▶ [What you have to do] Show each line in the listing below that contains the word "roll".
┌─ Supplied material
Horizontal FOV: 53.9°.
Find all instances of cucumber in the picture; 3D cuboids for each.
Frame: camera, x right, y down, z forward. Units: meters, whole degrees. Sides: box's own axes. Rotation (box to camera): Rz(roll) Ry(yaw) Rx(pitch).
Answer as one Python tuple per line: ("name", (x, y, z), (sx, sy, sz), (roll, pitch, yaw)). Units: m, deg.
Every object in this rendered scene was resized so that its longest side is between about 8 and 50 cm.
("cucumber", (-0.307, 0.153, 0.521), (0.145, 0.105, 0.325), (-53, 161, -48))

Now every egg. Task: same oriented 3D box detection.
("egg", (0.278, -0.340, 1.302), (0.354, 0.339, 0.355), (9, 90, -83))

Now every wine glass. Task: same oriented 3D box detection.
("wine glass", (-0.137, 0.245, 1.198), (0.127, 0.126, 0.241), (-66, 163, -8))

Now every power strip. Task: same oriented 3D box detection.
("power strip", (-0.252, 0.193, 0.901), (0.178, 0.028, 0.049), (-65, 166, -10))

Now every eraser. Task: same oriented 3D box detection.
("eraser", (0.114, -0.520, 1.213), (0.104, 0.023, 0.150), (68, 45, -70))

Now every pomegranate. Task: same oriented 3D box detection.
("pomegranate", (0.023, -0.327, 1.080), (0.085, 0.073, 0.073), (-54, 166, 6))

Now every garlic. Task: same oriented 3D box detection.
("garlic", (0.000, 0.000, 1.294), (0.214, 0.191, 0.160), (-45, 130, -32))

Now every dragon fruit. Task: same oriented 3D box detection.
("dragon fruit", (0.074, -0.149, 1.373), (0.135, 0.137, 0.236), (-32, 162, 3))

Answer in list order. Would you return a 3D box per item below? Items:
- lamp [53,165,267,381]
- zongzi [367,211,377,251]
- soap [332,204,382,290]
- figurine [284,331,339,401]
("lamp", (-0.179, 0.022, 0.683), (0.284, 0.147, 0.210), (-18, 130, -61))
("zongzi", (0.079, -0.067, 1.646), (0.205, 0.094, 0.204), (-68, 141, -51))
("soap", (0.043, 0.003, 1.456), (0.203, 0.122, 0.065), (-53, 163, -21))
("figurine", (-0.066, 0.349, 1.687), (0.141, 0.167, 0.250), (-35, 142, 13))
└─
┌─ Supplied material
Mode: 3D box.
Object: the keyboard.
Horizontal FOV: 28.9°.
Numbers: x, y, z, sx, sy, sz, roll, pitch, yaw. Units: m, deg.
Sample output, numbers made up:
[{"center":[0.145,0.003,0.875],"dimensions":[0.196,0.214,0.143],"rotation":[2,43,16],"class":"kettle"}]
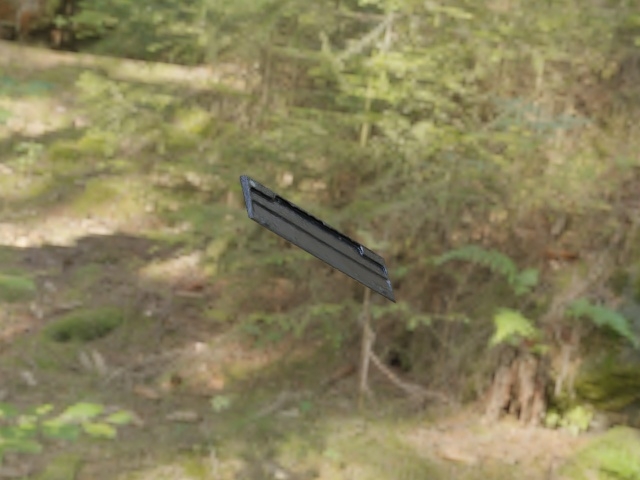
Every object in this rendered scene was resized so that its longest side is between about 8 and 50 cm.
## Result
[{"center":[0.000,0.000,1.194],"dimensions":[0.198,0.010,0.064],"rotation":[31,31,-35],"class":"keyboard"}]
└─
▶ [Exercise result]
Frame: camera, x right, y down, z forward. Units: meters, whole degrees. Sides: box's own axes. Rotation (box to camera): Rz(roll) Ry(yaw) Rx(pitch).
Answer as one Python tuple per line: ("name", (x, y, z), (sx, sy, sz), (roll, pitch, yaw)). Units: m, deg.
Numbers: x, y, z, sx, sy, sz, roll, pitch, yaw. Units: m, deg.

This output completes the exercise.